Do not expect any help from the Supreme Court. They very fact that the Maine Department of Environmental Protection approved the project and issued permits is a perfect illustration the collusion involved between government agencies and the wind industry.

In addition, the heavy federal subsidies given to the wind industry were generated in Washington by the investors. It is a mega payday for them and really a robbery of the taxpayers. In addition many states began REQUIRING electricity suppliers to obtain a percentage of their supply from renewable energy sources, with percentages typically increasing over time. These self serving regulations guarantee increasing demand and profits for the wind industry.

The irony of it all is that this industry has nothing to do with saving the world from the use of oil and coal because the propeller style wind turbine is severely limited in its ability to produce energy. It can not solve America's energy needs. No matter how many are installed this style of turbine can never achieve the ridiculous goals set by State and Federal Regulators. Wind energy is really just a business and another way to sell energy. And because it is labeled "Green", the increased price per kilowatt is supposed to be more palatable to the consumer.

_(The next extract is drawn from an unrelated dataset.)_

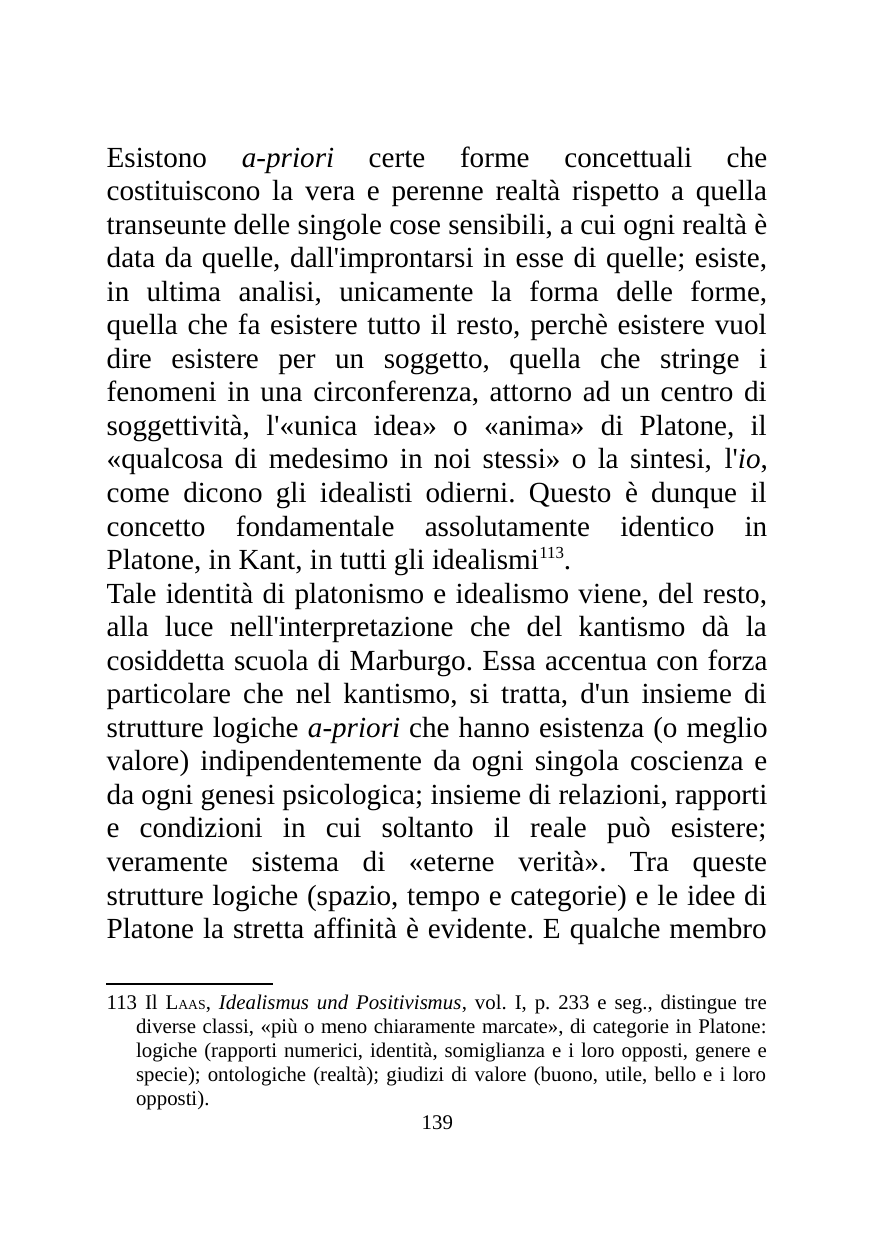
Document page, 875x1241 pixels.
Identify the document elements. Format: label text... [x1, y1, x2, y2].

text Esistono a-priori certe forme concettuali che costituiscono la vera e perenne realtà rispetto a quella transeunte delle singole cose sensibili, a cui ogni realtà è data da quelle, dall'improntarsi in esse di quelle; esiste, in ultima analisi, unicamente la forma delle forme, quella che fa esistere tutto il resto, perchè esistere vuol dire esistere per un soggetto, quella che stringe i fenomeni in una circonferenza, attorno ad un centro di soggettività, l'«unica idea» o «anima» di Platone, il «qualcosa di medesimo in noi stessi» o la sintesi, l'io, come dicono gli idealisti odierni. Questo è dunque il concetto fondamentale assolutamente identico in Platone, in Kant, in tutti gli idealismi. [106, 140, 768, 576]
text Tale identità di platonismo e idealismo viene, del resto, alla luce nell'interpretazione che del kantismo dà la cosiddetta scuola di Marburgo. Essa accentua con forza particolare che nel kantismo, si tratta, d'un insieme di strutture logiche a-priori che hanno esistenza (o meglio valore) indipendentemente da ogni singola coscienza e da ogni genesi psicologica; insieme di relazioni, rapporti e condizioni in cui soltanto il reale può esistere; veramente sistema di «eterne verità». Tra queste strutture logiche (spazio, tempo e categorie) e le idee di Platone la stretta affinità è evidente. E qualche membro [106, 576, 768, 945]
text Il Laas, Idealismus und Positivismus, vol. I, p. 233 e seg., distingue tre diverse classi, «più o meno chiaramente marcate», di categorie in Platone: logiche (rapporti numerici, identità, somiglianza e i loro opposti, genere e specie); ontologiche (realtà); giudizi di valore (buono, utile, bello e i loro opposti). [106, 989, 768, 1110]

Once the public realizes that this industry is totally corrupt, riddled with fraud, driven by greed, the green image will then be forgotten. This false green image will then be replaced with the perception of being hoodwinked or hornswoggled. America can then start putting put the prop turbine in the dumpster where it belongs, and the next generation of wind turbines can be brought into production.

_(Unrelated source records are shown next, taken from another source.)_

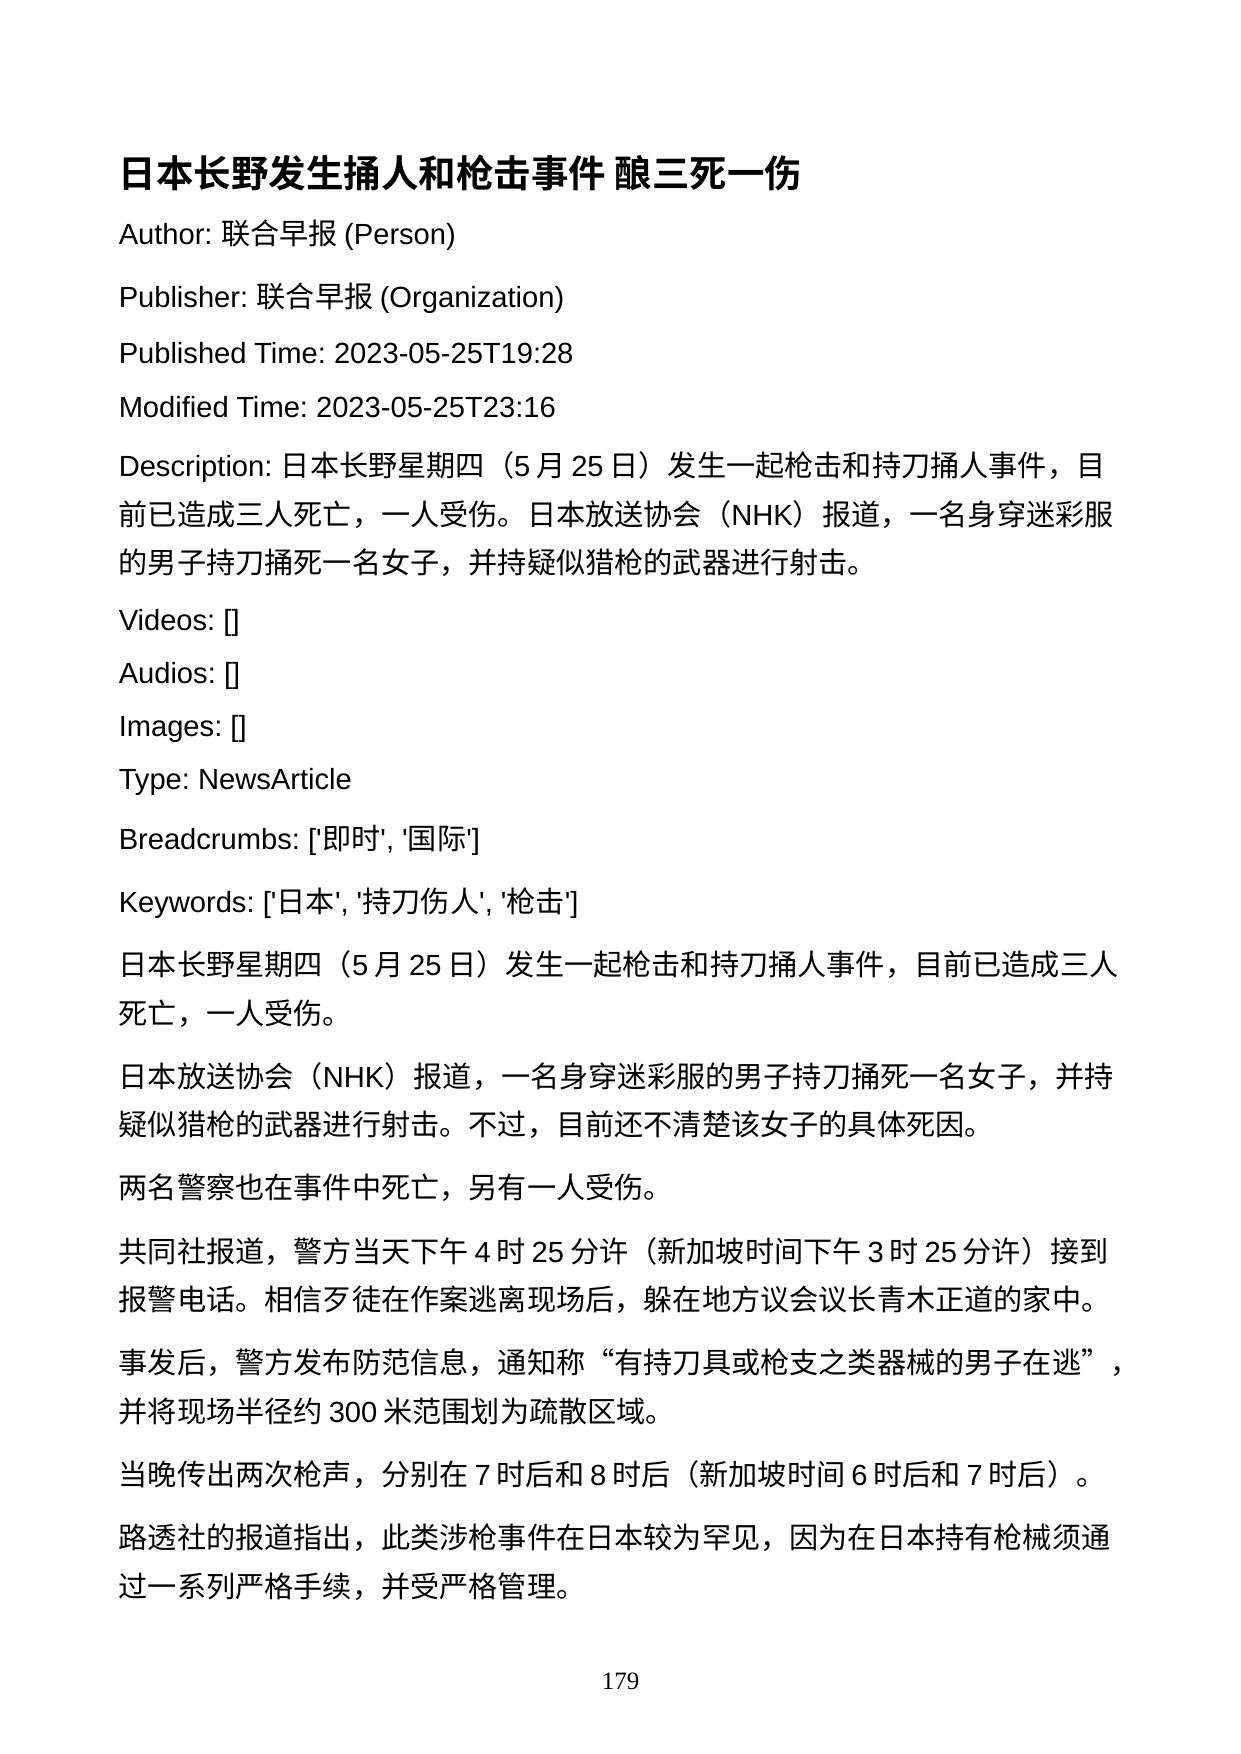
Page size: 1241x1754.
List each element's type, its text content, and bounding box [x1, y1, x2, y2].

text 当晚传出两次枪声，分别在7时后和8时后（新加坡时间6时后和7时后）。 [118, 1452, 1122, 1494]
text Author: 联合早报 (Person) [118, 210, 1122, 253]
text 两名警察也在事件中死亡，另有一人受伤。 [118, 1165, 1122, 1207]
text Breadcrumbs: ['即时', '国际'] [118, 816, 1122, 858]
subtitle 日本长野发生捅人和枪击事件 酿三死一伤 [118, 143, 1122, 198]
text 共同社报道，警方当天下午4时25分许（新加坡时间下午3时25分许）接到报警电话。相信歹徒在作案逃离现场后，躲在地方议会议长青木正道的家中。 [118, 1228, 1122, 1319]
text Videos: [] [118, 603, 1122, 637]
text Modified Time: 2023-05-25T23:16 [118, 390, 1122, 423]
text Publisher: 联合早报 (Organization) [118, 273, 1122, 316]
text 日本长野星期四（5月25日）发生一起枪击和持刀捅人事件，目前已造成三人死亡，一人受伤。 [118, 942, 1122, 1033]
text Description: 日本长野星期四（5月25日）发生一起枪击和持刀捅人事件，目前已造成三人死亡，一人受伤。日本放送协会（NHK）报道，一名身穿迷彩服的男子持刀捅死一名女子，并持疑似猎枪的武器进行射击。 [118, 443, 1122, 582]
text 事发后，警方发布防范信息，通知称“有持刀具或枪支之类器械的男子在逃”，并将现场半径约300米范围划为疏散区域。 [118, 1340, 1122, 1431]
text Type: NewsArticle [118, 762, 1122, 796]
text Keywords: ['日本', '持刀伤人', '枪击'] [118, 879, 1122, 921]
text Images: [] [118, 709, 1122, 743]
text 日本放送协会（NHK）报道，一名身穿迷彩服的男子持刀捅死一名女子，并持疑似猎枪的武器进行射击。不过，目前还不清楚该女子的具体死因。 [118, 1053, 1122, 1144]
text Audios: [] [118, 656, 1122, 690]
text Published Time: 2023-05-25T19:28 [118, 337, 1122, 370]
text 路透社的报道指出，此类涉枪事件在日本较为罕见，因为在日本持有枪械须通过一系列严格手续，并受严格管理。 [118, 1515, 1122, 1606]

Having said all this, the thing I detest the most, is the needless slaughter of rare and endangered species while this industry makes a fortune from the misery they bring.

 's picture


It sounds as though that the work done so far is nothing but a case of vandalism on a huge scale.

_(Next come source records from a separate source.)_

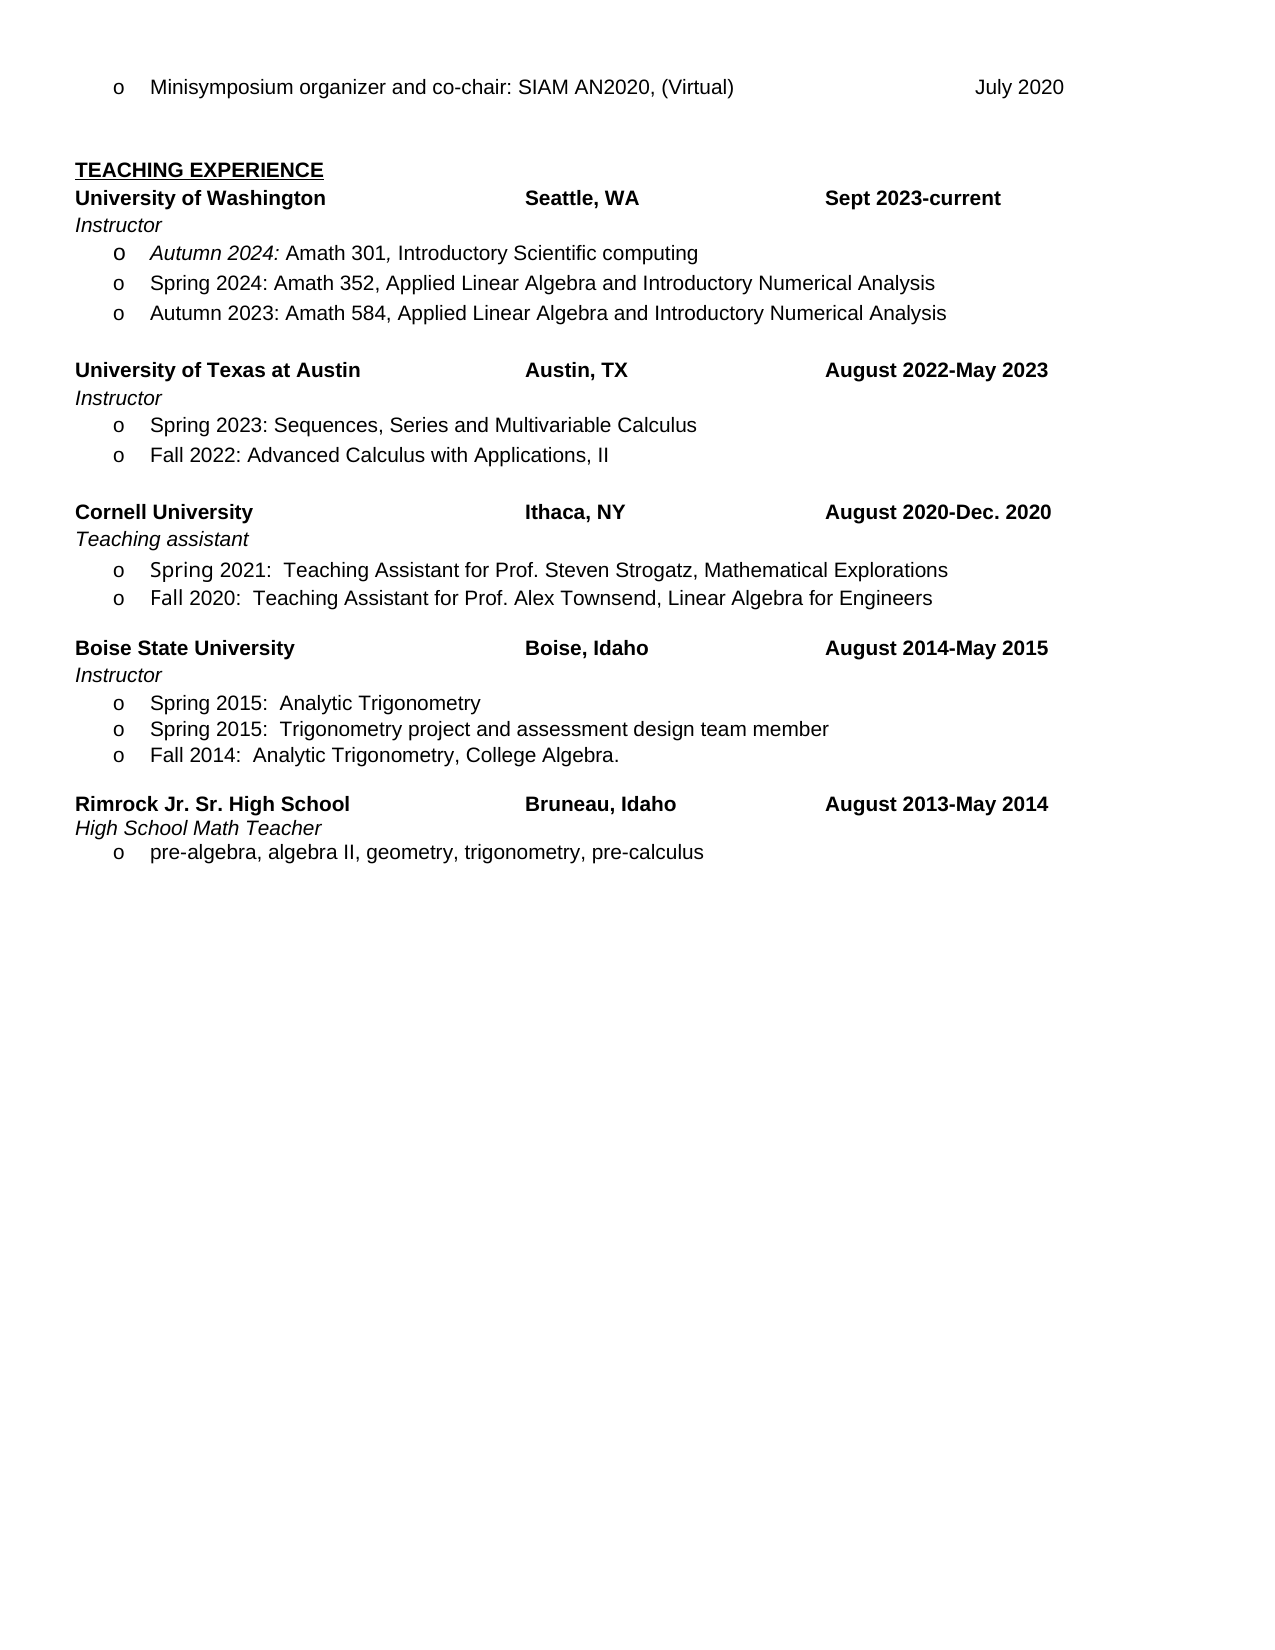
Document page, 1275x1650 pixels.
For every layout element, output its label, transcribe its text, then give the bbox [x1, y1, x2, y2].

text University of Washington Seattle, WA Sept 2023-current [75, 186, 1200, 209]
text Instructor [75, 663, 1200, 687]
list Spring 2024: Amath 352, Applied Linear Algebra and Introductory Numerical Analysis [112, 271, 1200, 297]
list Fall 2022: Advanced Calculus with Applications, II [112, 442, 1200, 468]
text Cornell University Ithaca, NY August 2020-Dec. 2020 [75, 500, 1200, 524]
text Instructor [75, 385, 1200, 409]
text Instructor [75, 213, 1200, 237]
text Boise State University Boise, Idaho August 2014-May 2015 [75, 636, 1200, 660]
text o Minisymposium organizer and co-chair: SIAM AN2020, (Virtual) July 2020 [112, 75, 1200, 101]
text o pre-algebra, algebra II, geometry, trigonometry, pre-calculus [112, 840, 1200, 866]
text o Fall 2020: Teaching Assistant for Prof. Alex Townsend, Linear Algebra for Engineers [112, 583, 1200, 612]
text University of Texas at Austin Austin, TX August 2022-May 2023 [75, 358, 1200, 382]
list Autumn 2024: Amath 301, Introductory Scientific computing [112, 241, 1200, 267]
text o Fall 2014: Analytic Trigonometry, College Algebra. [112, 742, 1200, 768]
text Teaching assistant [75, 527, 1200, 551]
list Autumn 2023: Amath 584, Applied Linear Algebra and Introductory Numerical Analysis [112, 301, 1200, 326]
list Spring 2023: Sequences, Series and Multivariable Calculus [112, 413, 1200, 439]
text o Spring 2015: Analytic Trigonometry [112, 691, 1200, 717]
text o Spring 2015: Trigonometry project and assessment design team member [112, 717, 1200, 742]
text Rimrock Jr. Sr. High School Bruneau, Idaho August 2013-May 2014 [75, 792, 1200, 816]
text High School Math Teacher [75, 816, 1200, 840]
text TEACHING EXPERIENCE [75, 158, 1200, 182]
text o Spring 2021: Teaching Assistant for Prof. Steven Strogatz, Mathematical Explorations [112, 555, 1200, 583]

Is BAYROOT, who may be the Yale University Endowment having second thoughts, fearing the shell of the shell company is about to be cracked open, exposing the self described world class environmental steward as a mountain defacer and giant scale clear cutter?

 's picture

Temporary Financing...

It's no wonder wind developers are finding it hard to procure financing for these wind energy plants. With more Americans learning the facts about these projects every day, there has been a groundswell of opposition to them. We must direct our government to halt the subsidization of this mis-guided plan until science has found a way to reduce the high, low and ultra-low frequency noise they produce. In addition, we must be intelligent when deciding where to site them. It's been shown that stringing them out along ridgelines is a mistake-- both from an environmental and an economical standpoint.

Without huge tax-payer subsidies, these would never find investors, for they can't produce a return on the investment. People are discovering facts like this, and when a state is threatened with large-scale destruction of many of its iconic mountains for a plan to produce expensive power which we do not need, but which is, for the most part, destined to be shipped out of state on new high-voltage transmission wires (which we also wouldn't need if it were not for the wind power) then those citizens should, and will, stand up and say "No!"